◆ Information
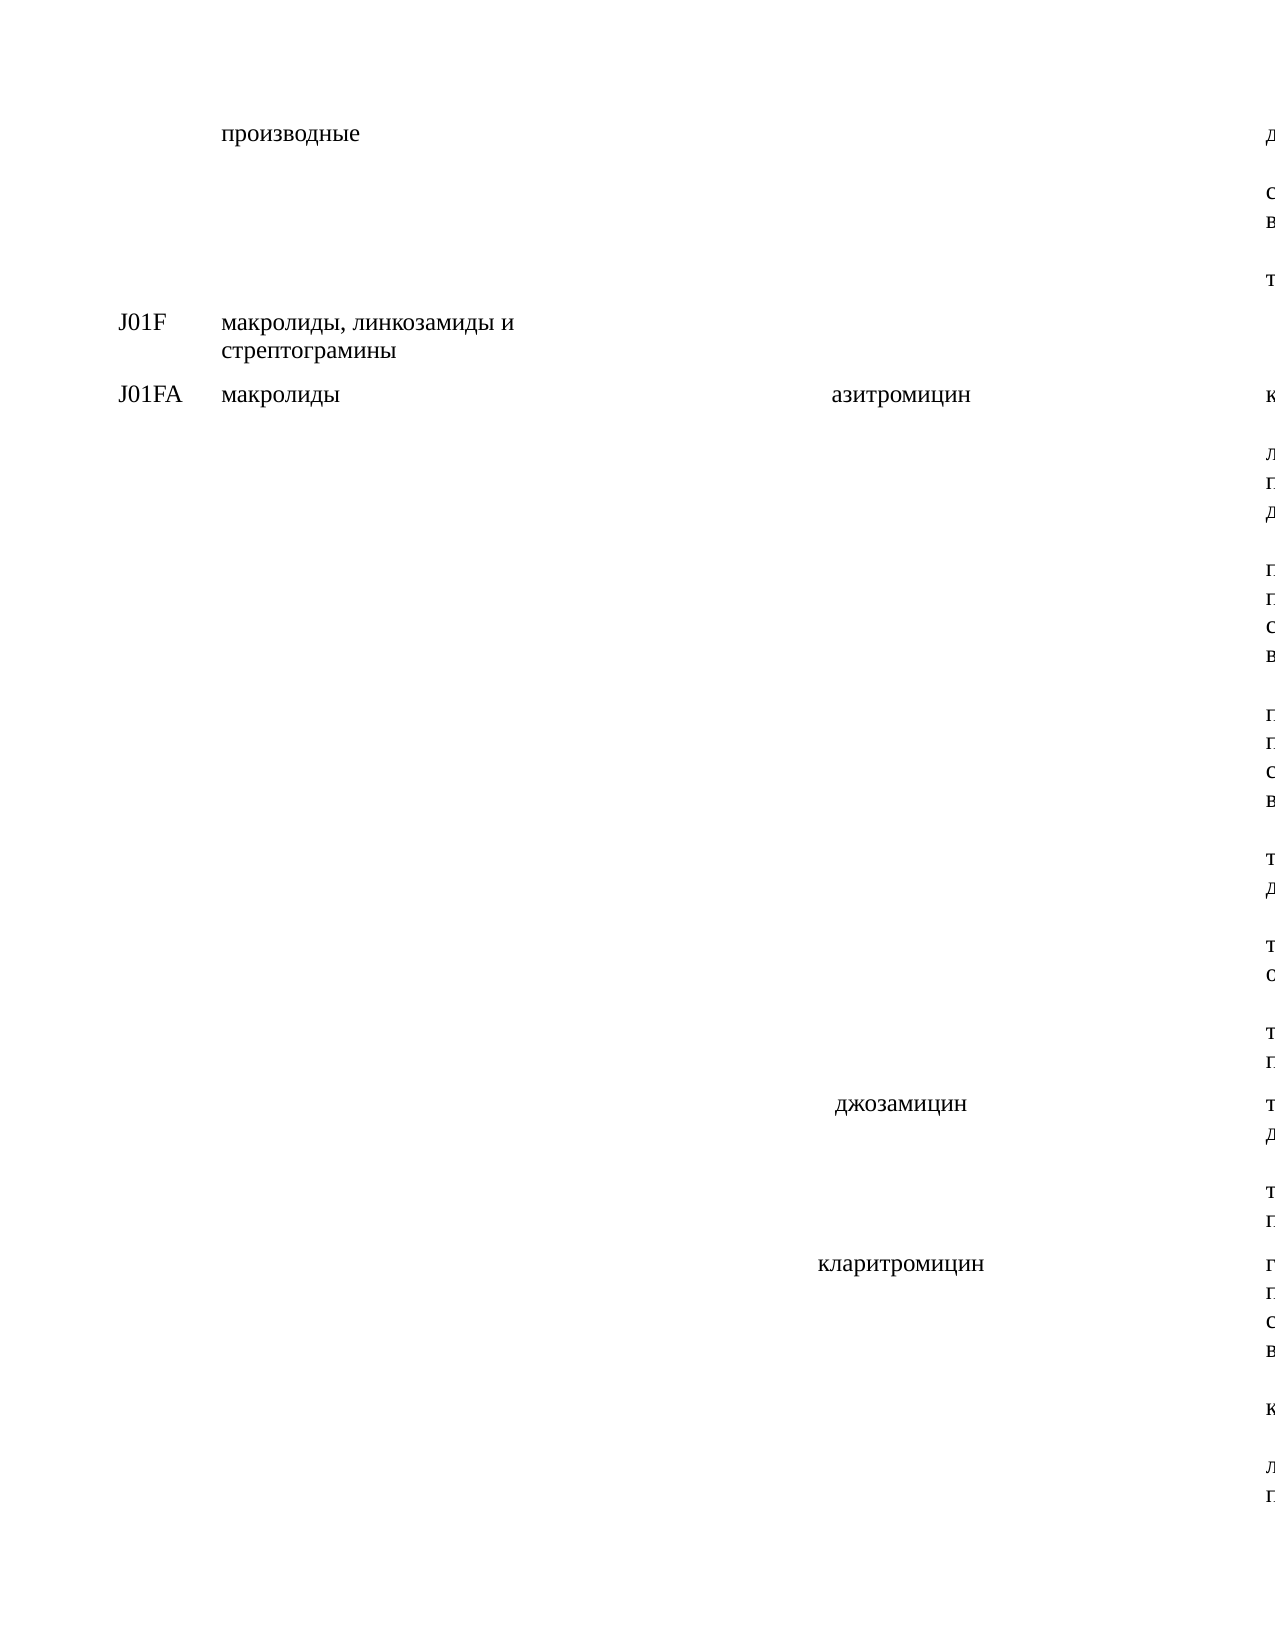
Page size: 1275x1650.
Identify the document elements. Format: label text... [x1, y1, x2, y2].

table_cell [118, 118, 221, 307]
table_cell [221, 1248, 537, 1508]
table_cell макролиды, линкозамиды и стрептограмины [221, 307, 537, 379]
table_cell [221, 1088, 537, 1248]
table_cell [537, 307, 1266, 379]
table_cell [118, 1088, 221, 1248]
table_cell производные [221, 118, 537, 307]
table_cell азитромицин [537, 379, 1266, 1088]
table_cell макролиды [221, 379, 537, 1088]
table_cell J01FA [118, 379, 221, 1088]
table_cell [1266, 307, 1275, 379]
table_cell джозамицин [537, 1088, 1266, 1248]
table_cell [118, 1248, 221, 1508]
table_cell J01F [118, 307, 221, 379]
table_cell [537, 118, 1266, 307]
table_cell кларитромицин [537, 1248, 1266, 1508]

◆ Task objective
Transcribe the data verbatim. No picture belongs in the result.

◆ Result of this exercise
Page size: 1275x1650.
Identify the document elements. Format: label text... [x1, y1, x2, y2].

table_cell [118, 118, 221, 307]
table_cell [221, 1248, 537, 1508]
table_cell макролиды, линкозамиды и стрептограмины [221, 307, 537, 379]
table_cell [221, 1088, 537, 1248]
table_cell [537, 307, 1266, 379]
table_cell [118, 1088, 221, 1248]
table_cell производные [221, 118, 537, 307]
table_cell азитромицин [537, 379, 1266, 1088]
table_cell макролиды [221, 379, 537, 1088]
table_cell J01FA [118, 379, 221, 1088]
table_cell [1266, 307, 1275, 379]
table_cell джозамицин [537, 1088, 1266, 1248]
table_cell [118, 1248, 221, 1508]
table_cell J01F [118, 307, 221, 379]
table_cell [537, 118, 1266, 307]
table_cell кларитромицин [537, 1248, 1266, 1508]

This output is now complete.